HOW TO COMPLETE THIS TASK
For the entries below, the expected answer is the line with "text La disciplina", the line with "text Il concetto", and every line between them, exactly as written, and nothing more.

Source data
+++

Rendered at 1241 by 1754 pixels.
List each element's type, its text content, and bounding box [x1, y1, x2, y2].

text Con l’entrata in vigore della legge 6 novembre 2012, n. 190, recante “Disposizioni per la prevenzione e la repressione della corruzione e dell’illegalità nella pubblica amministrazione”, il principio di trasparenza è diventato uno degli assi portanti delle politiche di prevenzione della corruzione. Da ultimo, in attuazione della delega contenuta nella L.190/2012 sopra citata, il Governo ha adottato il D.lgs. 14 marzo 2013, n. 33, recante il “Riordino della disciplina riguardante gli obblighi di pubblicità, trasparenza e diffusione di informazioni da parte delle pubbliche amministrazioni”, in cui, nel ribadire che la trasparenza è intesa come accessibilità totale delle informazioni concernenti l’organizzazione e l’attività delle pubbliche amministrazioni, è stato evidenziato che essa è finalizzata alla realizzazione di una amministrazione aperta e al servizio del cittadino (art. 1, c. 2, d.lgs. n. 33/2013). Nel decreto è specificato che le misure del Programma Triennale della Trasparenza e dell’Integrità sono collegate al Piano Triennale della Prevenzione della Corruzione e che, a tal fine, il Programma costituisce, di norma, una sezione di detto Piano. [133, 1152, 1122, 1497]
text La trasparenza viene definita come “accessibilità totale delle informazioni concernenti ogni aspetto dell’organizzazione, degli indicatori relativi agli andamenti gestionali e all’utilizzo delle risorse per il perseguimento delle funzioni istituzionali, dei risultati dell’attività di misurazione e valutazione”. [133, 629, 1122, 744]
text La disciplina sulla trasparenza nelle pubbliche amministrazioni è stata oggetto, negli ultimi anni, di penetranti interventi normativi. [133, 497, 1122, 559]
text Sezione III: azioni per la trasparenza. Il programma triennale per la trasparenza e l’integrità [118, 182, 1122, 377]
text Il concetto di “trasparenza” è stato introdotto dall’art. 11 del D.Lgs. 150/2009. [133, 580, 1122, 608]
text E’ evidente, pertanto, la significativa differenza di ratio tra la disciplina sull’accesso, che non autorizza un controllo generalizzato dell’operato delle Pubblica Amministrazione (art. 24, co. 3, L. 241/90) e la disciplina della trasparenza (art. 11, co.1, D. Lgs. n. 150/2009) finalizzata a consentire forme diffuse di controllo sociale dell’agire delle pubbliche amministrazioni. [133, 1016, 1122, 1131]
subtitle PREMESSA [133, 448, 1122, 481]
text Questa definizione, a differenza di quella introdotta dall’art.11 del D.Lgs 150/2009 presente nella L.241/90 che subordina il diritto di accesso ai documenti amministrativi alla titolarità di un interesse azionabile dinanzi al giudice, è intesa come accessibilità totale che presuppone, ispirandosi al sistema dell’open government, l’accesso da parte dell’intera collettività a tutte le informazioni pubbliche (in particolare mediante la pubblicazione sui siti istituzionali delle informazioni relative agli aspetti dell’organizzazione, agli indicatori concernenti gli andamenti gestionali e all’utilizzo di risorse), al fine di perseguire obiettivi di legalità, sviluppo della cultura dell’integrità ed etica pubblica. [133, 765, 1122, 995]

+++

SOLUTION TO THIS TASK
text La disciplina sulla trasparenza nelle pubbliche amministrazioni è stata oggetto, negli ultimi anni, di penetranti interventi normativi. [133, 497, 1122, 559]
text Sezione III: azioni per la trasparenza. Il programma triennale per la trasparenza e l’integrità [118, 182, 1122, 377]
text Il concetto di “trasparenza” è stato introdotto dall’art. 11 del D.Lgs. 150/2009. [133, 580, 1122, 608]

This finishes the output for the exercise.